YOUR ASSIGNMENT —
The output must start at the line containing "Reply in this" in the records below and stop at the last line, matching each line exactly and leaving out every picture.

RAW DATA —

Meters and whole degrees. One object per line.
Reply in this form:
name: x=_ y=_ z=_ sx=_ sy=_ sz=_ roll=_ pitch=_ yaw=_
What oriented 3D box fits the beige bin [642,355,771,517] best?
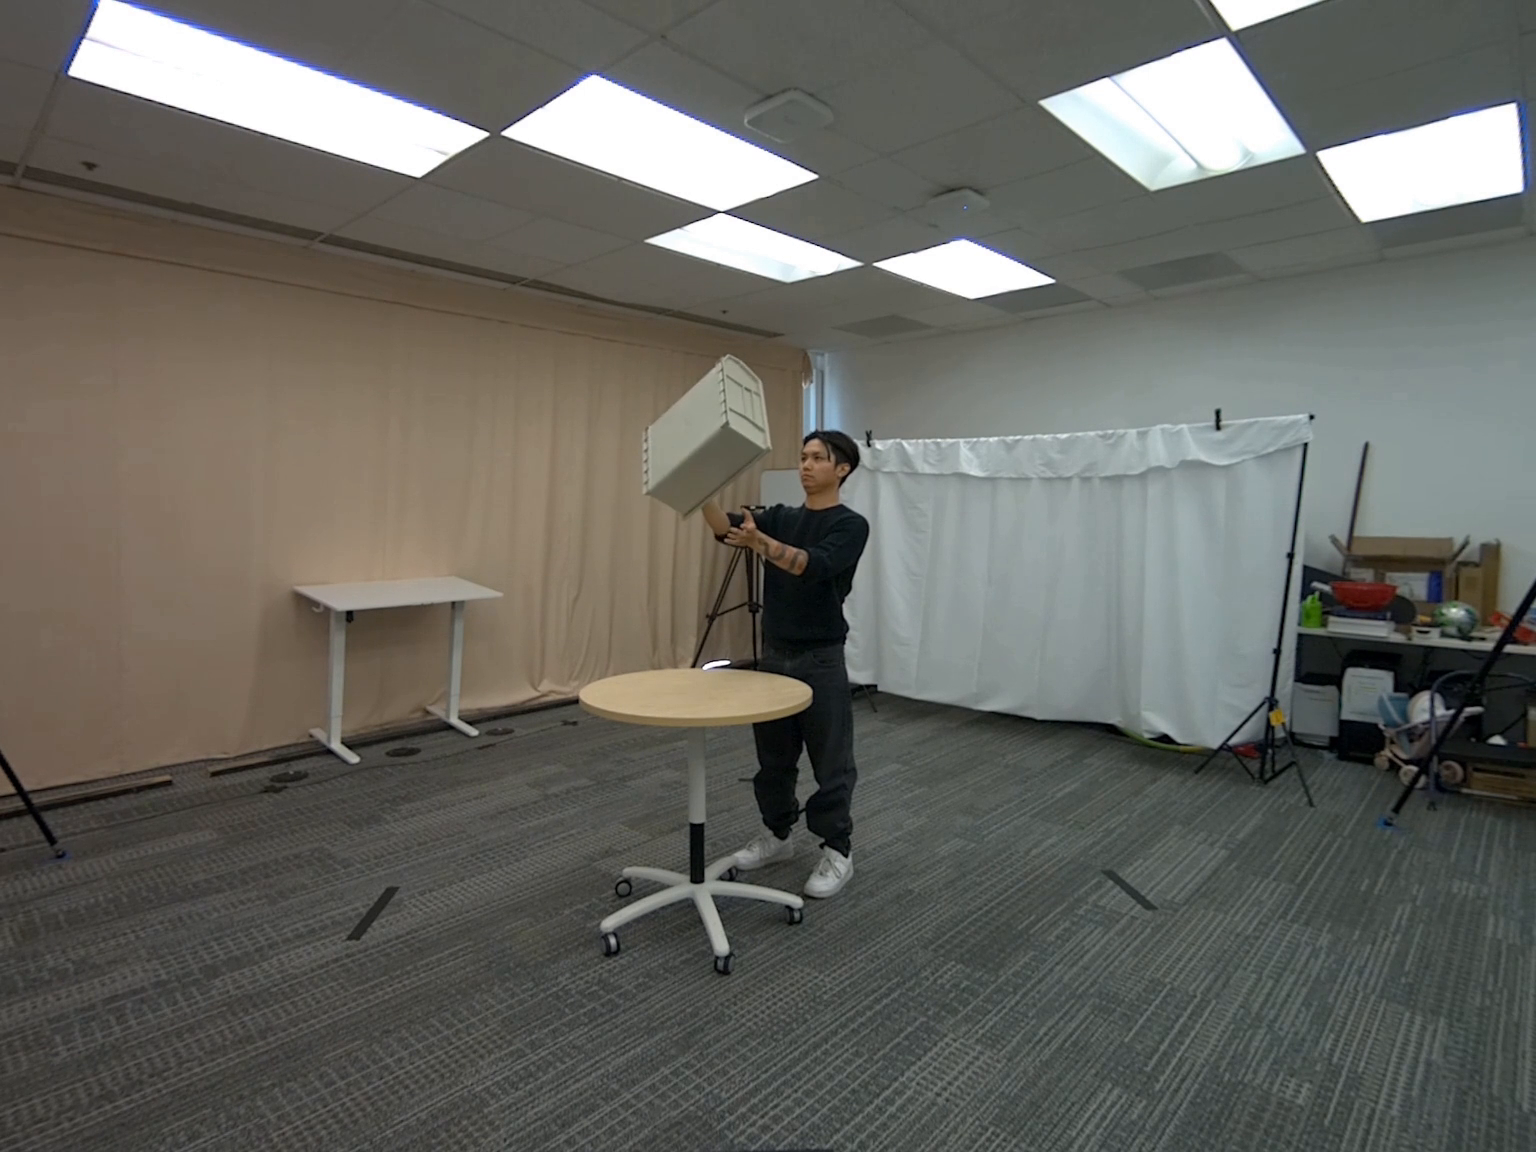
beige bin: x=-0.212 y=-0.465 z=2.786 sx=0.182 sy=0.385 sz=0.428 roll=30 pitch=-51 yaw=-35

ANSWER TO THIS PROBLEM —
Reply in this form:
name: x=_ y=_ z=_ sx=_ sy=_ sz=_ roll=_ pitch=_ yaw=_
What oriented 3D box fits the beige bin [642,355,771,517] best?
beige bin: x=-0.212 y=-0.465 z=2.786 sx=0.182 sy=0.385 sz=0.428 roll=30 pitch=-51 yaw=-35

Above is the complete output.